Зина почувствовала, как вспыхнули ее щеки.
– Да, господа, не буду вам мешать. Пойду к себе. На кухню!
Константин Павлович раскрыл было рот, но Зина уже повернулась к нему спиной и вышла из комнаты. Маршал посмотрел на Филиппова – тот пытался спрятать улыбку в усы.
– Пожалуй, я пойду. Засиделись мы с вами, меня дома моя… горничная наверняка уже заждалась, – не сдержался все-таки Владимир Гаврилович. – Увидимся завтра на службе.
Закрыв за начальником дверь, Константин Павлович замер перед зеркалом в прихожей. Из него на Маршала смотрел вроде бы взрослый мужчина, плечистый, с офицерской выправкой. Но почему же он так нелепо выглядел в моменты, когда необходимо было подобрать простые, но нужные и правильные слова? Наверняка сейчас Зина опять плачет, и виной тому то, как он ее аттестовал Владимиру Гавриловичу. Тяжело вздохнув и посмотрев, как сочувственно кивает его собственное отражение, Константин Павлович поплелся на кухню, уже предвидя, что из объяснения ничего путного не выйдет.
Но Зина не плакала. И, судя по яростному блеску ее черных глаз, это было хуже, чем если бы Маршалу пришлось ее утешать.
– Так, значит, вот кто я для вас, Константин Павлович! Горничная!
Константин Павлович невольно отступил на шаг.
– Мы живем под одной крышей, спим в одной постели, но я – всего лишь обслуга?! Вы тогда уговорили меня остаться, в ту ночь, когда убили Катю. Я, дура наивная, думала, что вы подбираете слова, ищете момента для нормального объяснения, а вы, видимо, обдумываете, не стоит ли мне жалованье увеличить? Что ж, я жду! Во сколько вы меня оценили? Быть может, я и приму это предложение – другого я, видно, не достойна!
Зина, решительно задрав подбородок, чуть не протаранила ошеломленного такой тирадой Маршала, оттеснила его от дверного проема и исчезла в прихожей. Он было рванулся вдогонку, но опять чуть не столкнулся с разъяренной девушкой на пороге кухни. Он обрадованно развел руки, но Зина, не замедляя шага, пронеслась мимо него, схватила со стола фиалки и коробку с пирожными, бросила на бедного Константина Павловича очередной испепеляющий взгляд.

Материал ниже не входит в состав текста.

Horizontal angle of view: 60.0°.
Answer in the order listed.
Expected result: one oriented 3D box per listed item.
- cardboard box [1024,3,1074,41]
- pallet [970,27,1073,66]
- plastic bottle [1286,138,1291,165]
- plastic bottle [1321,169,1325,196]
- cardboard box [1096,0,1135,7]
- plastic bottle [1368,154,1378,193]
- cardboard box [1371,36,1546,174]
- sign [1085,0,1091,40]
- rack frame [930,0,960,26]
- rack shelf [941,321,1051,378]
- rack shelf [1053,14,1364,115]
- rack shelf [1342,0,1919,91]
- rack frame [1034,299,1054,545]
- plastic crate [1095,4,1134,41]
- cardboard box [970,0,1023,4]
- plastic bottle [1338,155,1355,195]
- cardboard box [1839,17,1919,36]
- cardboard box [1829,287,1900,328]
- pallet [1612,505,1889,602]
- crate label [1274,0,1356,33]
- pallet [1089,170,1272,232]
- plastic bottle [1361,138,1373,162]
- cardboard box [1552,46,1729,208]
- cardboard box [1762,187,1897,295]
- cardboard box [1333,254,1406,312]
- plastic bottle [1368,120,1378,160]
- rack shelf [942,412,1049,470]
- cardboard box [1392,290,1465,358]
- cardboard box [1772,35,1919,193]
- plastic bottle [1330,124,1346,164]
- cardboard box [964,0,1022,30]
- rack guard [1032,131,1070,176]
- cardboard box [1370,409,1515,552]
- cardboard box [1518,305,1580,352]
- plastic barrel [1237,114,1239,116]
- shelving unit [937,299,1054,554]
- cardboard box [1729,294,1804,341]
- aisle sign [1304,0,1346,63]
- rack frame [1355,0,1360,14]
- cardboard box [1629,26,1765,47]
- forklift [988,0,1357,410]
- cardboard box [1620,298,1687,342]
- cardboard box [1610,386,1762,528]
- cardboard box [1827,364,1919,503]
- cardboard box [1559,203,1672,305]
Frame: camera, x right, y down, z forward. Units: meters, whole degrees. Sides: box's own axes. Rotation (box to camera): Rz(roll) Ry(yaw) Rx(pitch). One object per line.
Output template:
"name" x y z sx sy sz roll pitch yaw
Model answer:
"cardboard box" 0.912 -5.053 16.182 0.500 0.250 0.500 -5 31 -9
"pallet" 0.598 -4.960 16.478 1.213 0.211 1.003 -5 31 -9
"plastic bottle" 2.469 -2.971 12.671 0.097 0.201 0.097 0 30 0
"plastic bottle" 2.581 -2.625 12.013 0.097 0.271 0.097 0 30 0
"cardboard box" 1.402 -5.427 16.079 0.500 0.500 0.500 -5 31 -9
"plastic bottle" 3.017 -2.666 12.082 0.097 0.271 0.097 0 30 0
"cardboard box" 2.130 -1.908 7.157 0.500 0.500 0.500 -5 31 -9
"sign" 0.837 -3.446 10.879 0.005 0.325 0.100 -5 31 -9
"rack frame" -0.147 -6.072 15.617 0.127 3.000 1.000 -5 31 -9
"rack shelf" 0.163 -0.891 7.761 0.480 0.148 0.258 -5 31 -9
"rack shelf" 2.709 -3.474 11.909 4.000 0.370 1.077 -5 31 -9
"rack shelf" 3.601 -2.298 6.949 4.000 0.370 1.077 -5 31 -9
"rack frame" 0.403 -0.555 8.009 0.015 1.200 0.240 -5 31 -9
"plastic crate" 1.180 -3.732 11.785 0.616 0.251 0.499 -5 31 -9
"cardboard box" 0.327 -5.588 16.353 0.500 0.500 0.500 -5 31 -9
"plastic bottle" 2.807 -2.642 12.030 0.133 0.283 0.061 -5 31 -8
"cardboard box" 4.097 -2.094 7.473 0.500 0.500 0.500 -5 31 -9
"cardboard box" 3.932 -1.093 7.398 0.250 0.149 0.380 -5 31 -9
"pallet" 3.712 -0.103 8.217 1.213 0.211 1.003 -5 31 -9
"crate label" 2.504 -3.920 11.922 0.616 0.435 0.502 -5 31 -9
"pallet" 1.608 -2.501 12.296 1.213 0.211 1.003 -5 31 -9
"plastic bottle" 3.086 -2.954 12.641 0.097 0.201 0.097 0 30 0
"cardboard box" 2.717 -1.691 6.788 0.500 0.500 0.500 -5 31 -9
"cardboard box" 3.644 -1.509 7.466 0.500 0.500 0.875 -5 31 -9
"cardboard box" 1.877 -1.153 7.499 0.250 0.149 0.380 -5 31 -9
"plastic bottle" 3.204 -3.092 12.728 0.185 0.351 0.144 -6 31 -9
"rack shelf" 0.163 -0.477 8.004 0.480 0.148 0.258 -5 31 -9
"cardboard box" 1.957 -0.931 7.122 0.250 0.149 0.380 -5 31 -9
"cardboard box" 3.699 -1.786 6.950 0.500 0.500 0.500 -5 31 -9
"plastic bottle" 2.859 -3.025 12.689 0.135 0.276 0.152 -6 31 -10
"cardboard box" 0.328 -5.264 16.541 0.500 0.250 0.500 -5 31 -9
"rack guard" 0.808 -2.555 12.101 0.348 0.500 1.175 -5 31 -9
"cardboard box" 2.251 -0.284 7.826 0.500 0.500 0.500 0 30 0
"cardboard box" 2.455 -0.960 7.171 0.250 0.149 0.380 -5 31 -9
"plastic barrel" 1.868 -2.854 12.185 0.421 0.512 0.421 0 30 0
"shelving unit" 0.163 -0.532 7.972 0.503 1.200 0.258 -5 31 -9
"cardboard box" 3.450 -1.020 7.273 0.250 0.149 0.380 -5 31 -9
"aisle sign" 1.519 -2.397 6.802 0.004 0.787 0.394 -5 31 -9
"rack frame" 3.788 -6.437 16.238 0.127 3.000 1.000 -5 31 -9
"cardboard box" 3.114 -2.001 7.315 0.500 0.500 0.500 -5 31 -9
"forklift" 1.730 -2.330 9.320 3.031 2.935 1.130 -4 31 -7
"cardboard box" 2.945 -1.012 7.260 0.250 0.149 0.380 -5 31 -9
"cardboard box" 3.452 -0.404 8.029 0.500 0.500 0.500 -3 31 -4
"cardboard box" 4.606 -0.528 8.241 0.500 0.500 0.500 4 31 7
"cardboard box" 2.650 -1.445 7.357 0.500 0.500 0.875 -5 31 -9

– Зина, родная… Ну это же очень непростой вопрос…
– Вопрос прост, Константин Павлович! Вы любите меня или нет? Вот и все, что имеет смысл выяснить!
– Но, Зина… Ты же… Я ведь…
– Слава богу, есть мужчины, знающие, какие слова нужны девушке! Жаль, что это не вы. Не провожайте меня!
И снова вышла вон, а через мгновение хлопнула и входная дверь.
Слезы хлынули сразу, как только закрылась дверь. Преодолев два пролета, Зина бросила на подоконник коробку и истрепанный букетик, прижалась лбом к холодному стеклу. Окно было в крупных каплях – видно, за то короткое время, что она провела в квартире, по Петербургу успел прогуляться дождик. Она все ждала, что вверху скрипнет дверь, что по ступеням застучат торопливые шаги. Но на лестнице было тихо.
Рядом с подоконником, на сером полу, белел маленький бумажный прямоугольник. Зина наклонилась, подняла сложенную вдвое картонную открытку – судя по надписи «Квисисана», та отлетела от коробки с пирожными. Развернула. Внутри аккуратным почерком было выведено: «Надежду никогда не следует предавать». Слезы снова покатились по щекам. Зажав записку в руке, Зина бегом бросилась по лестнице к выходу.
Выбежав из парадной, Зина пролетела через двор и нырнула в темень арки. Из-за слез все плыло перед глазами и искрилось фонарными бликами, поэтому она не разглядела таившегося в тени человека, налетев на него со всего маху. Что-то звякнуло о булыжник, а Зина, испуганно охнув, присела на мостовую, одной рукой утирая глаза, а другую прижав к животу. Но кто-то уверенно и притом осторожно подхватил ее за плечи и бережно поднял.
– Зинаида Ильинична, что случилось?
– Ник-николай Ан-типович, – всхлипывая, удивилась Зина. – Вы к Константину Павловичу? Так по-поздно?
Отрепьев, продолжая удерживать девушку, обеспокоенно смотрел на мокрое лицо.